Il presidente del Consiglio, Matteo Renzi, è apparso a Beirut, in Libano, vestito con l’uniforme militare per fare visita alle truppe italiane presenti alla base Unifil di Shama. Con lui c’era il capo dello Stato maggiore della Difesa, Claudio Graziano, e l'ambasciatore italiano in Libano, Massimo Marotti.
L’arrivo di Renzi
La visita istituzionale di Renzi, con tanto di selfie e tweet, ha voluto rafforzare la risposta dell’Italia alla guerra contro il terrorismo. “Dobbiamo rispondere lavorando costantemente per non farci sconfiggere dalla paura in patria, ma venendo anche qui, con la consapevolezza e l'orgoglio di essere italiani", ha detto il premier.
Renzi ha sottolineato che questo è un momento storico per la regione, che merita più attenzione da parte dell’Europa. Gli italiani sono presenti sul territorio libanese con l’Unifil, la forza di interposizione delle Nazioni Unite al sud del Libano, nel confine con Israele.
Stesse divisioni
Ma poco è cambiato in Libano da quando, dieci anni fa, sono andati via i soldati siriani che avevano occupato il Paese. Dopo l’assassinio dell’ex primo ministro libanese Rafik Hariri, il 14 febbraio del 2005, è cominciata la Rivoluzione dei Cedri.

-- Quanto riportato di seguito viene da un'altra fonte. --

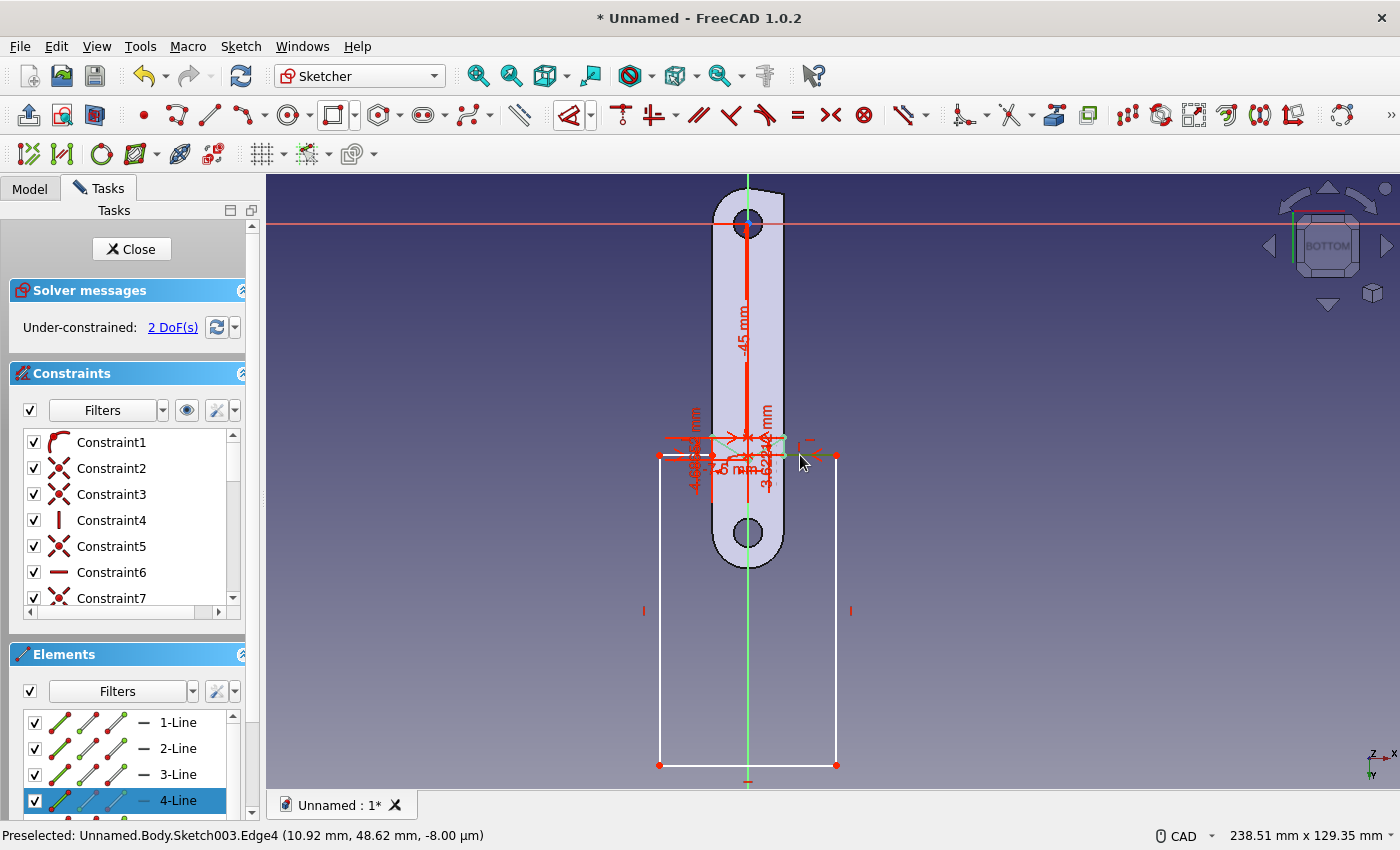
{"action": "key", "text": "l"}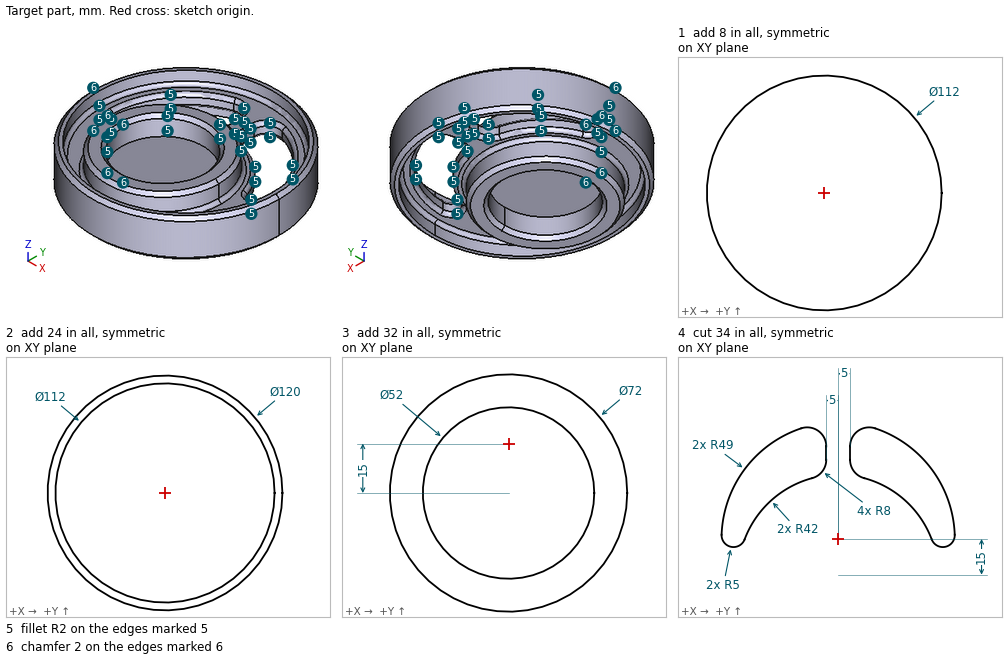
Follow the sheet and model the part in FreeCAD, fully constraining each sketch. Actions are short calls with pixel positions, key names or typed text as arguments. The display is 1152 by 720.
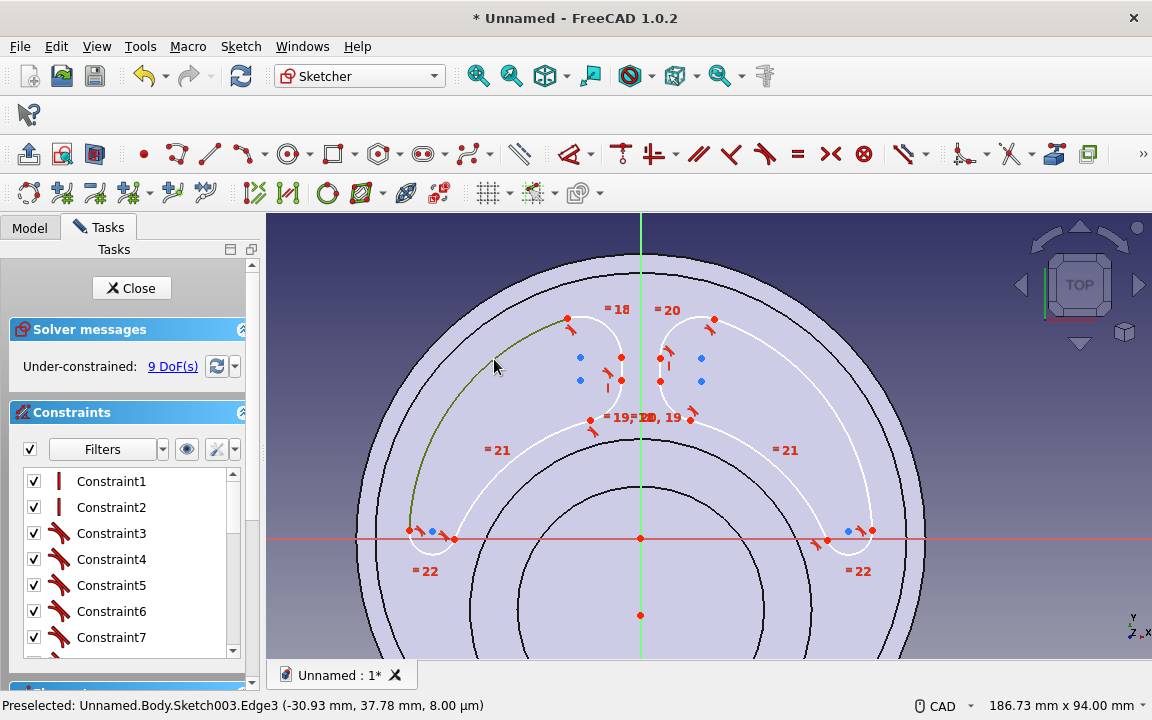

Il presidente siriano Bashar al-Assad si è visto costretto a ritirare le forze dal Libano e mettere fine alla tutela sul Paese. Oggi invece sono i miliziani libanesi di Hezbollah che stanno aiutando le brigate ribelli contro il regime di Assad.
Un Paese, due bandi
Uno degli effetti immediati del ritiro delle forze siriane è stato il rafforzamento del movimento Hezbollah, l’unico gruppo sciita che dopo la guerra civile libanese mantiene ancora le sue armi e combatte con la Siria e l’Iran. Un’altra conseguenza è stata la destabilizzazione della politica libanese, divisa in due fazioni: a favore della Siria e contro la Siria.
Hezbollah e i suoi alleati (sciiti e maroniti) sono dalla parte siriana-iraniana, mentre il principale gruppo sunnita, il Movimento Mustaqbal di Saad Hariri (figlio dell’ex premier ucciso) e i suoi alleati cristiani, sono dalla parte della coalizione occidentale con gli Stati Unti, Francia ma anche l’Arabia Saudita.
L’unica differenza
Secondo Barah Mikail, ricercatore del think tank Fride, “la Siria ha meno influenza sul Libano rispetto a 10 anni fa, anche se conta adesso su agenti di intelligence dentro il Paese. Ma non è così determinante sugli affari politici interni come lo era nel 2005. Questa è la gran differenza”. L’influenza di Damasco però continua in maniera indiretta, attraverso le fazioni politiche che fanno parte della strategia regionale. Per l’analista, il regime di Assad si è rafforzato grazie alla strategia militare di Hezbollah. Nella battaglia di Al Qusayr, per esempio, è stata decisiva la partecipazione della milizia sciita.
Speranze di pace
Tutte queste divisioni che si mantengono nel tempo contribuiscono alla paralisi delle istituzioni libanesi.
Il ruolo della presidenza, ad esempio, resta insignificante. Mikail crede che le speranze di un accordo tra i gruppi in conflitto è illusorio: “È da un anno che non riescono a mettersi d’accordo in Parlamento su chi deve occuparsi dell’incarico legislativo, che secondo il sistema deve restare in mano a un cristiano. Hezbollah è uscito più forte, non solo per la sua capacità in Libano, ma perché riesce a operare in più fronti, come quello in Siria e in Israele”.